Your instructions:
Somewhere below are a line with "1. car [67,190,96,212]" and a later line with "3. car [90,190,102,198]". Output exactly those lines and all lines between them.

━━━ Data in this exercise

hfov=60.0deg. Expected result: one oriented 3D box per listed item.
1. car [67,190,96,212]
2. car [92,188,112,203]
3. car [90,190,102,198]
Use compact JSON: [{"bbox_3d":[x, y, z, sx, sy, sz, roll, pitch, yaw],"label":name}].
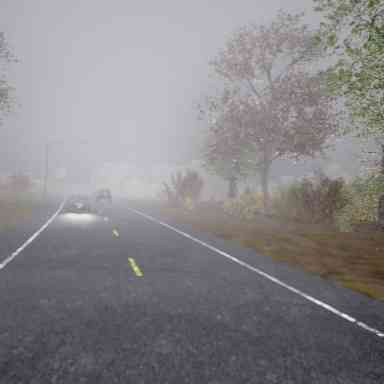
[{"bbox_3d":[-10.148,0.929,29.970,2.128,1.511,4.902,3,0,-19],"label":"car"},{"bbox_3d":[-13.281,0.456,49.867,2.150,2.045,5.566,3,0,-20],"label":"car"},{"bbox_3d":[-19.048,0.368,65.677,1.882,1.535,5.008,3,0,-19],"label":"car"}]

━━━━━━
━━━ Data in this exercise

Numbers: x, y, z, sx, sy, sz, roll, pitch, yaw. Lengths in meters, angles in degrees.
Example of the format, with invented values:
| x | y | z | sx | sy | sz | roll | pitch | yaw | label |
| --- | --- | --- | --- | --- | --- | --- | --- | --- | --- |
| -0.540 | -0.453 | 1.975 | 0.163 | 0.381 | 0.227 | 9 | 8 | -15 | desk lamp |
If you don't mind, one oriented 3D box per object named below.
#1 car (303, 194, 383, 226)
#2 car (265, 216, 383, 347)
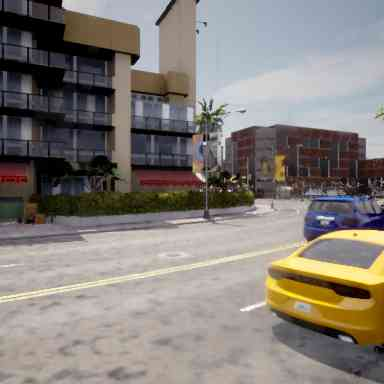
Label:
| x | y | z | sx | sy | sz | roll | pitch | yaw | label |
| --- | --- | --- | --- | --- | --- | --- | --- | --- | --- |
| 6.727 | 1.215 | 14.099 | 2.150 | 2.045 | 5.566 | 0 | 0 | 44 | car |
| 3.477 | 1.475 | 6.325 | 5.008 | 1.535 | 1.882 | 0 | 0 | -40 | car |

━━━━━━
━━━ Data in this exercise

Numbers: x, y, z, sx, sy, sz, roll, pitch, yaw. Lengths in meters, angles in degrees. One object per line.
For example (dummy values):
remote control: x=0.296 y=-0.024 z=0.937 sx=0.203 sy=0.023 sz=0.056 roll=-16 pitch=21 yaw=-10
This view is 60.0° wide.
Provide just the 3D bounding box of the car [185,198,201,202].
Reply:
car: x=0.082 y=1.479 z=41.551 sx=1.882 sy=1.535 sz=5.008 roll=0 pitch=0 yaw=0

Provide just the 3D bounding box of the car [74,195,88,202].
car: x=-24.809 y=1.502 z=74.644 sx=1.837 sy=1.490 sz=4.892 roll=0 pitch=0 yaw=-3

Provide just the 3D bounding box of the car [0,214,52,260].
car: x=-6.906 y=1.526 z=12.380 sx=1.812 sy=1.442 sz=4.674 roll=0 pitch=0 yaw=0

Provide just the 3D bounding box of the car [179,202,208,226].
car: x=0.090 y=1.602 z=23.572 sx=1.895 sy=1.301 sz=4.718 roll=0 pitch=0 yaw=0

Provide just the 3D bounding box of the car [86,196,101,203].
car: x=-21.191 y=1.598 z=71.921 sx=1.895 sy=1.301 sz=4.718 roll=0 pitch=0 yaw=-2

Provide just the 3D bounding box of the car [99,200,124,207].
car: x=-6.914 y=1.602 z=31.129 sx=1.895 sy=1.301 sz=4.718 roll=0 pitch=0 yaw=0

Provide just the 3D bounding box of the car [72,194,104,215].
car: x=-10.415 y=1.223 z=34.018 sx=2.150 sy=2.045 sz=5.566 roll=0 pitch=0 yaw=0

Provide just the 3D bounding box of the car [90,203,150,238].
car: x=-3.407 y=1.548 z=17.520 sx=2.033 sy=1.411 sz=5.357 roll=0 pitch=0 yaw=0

━━━━━━

Completed exercise:
1. car [67,190,96,212]
2. car [92,188,112,203]
3. car [90,190,102,198]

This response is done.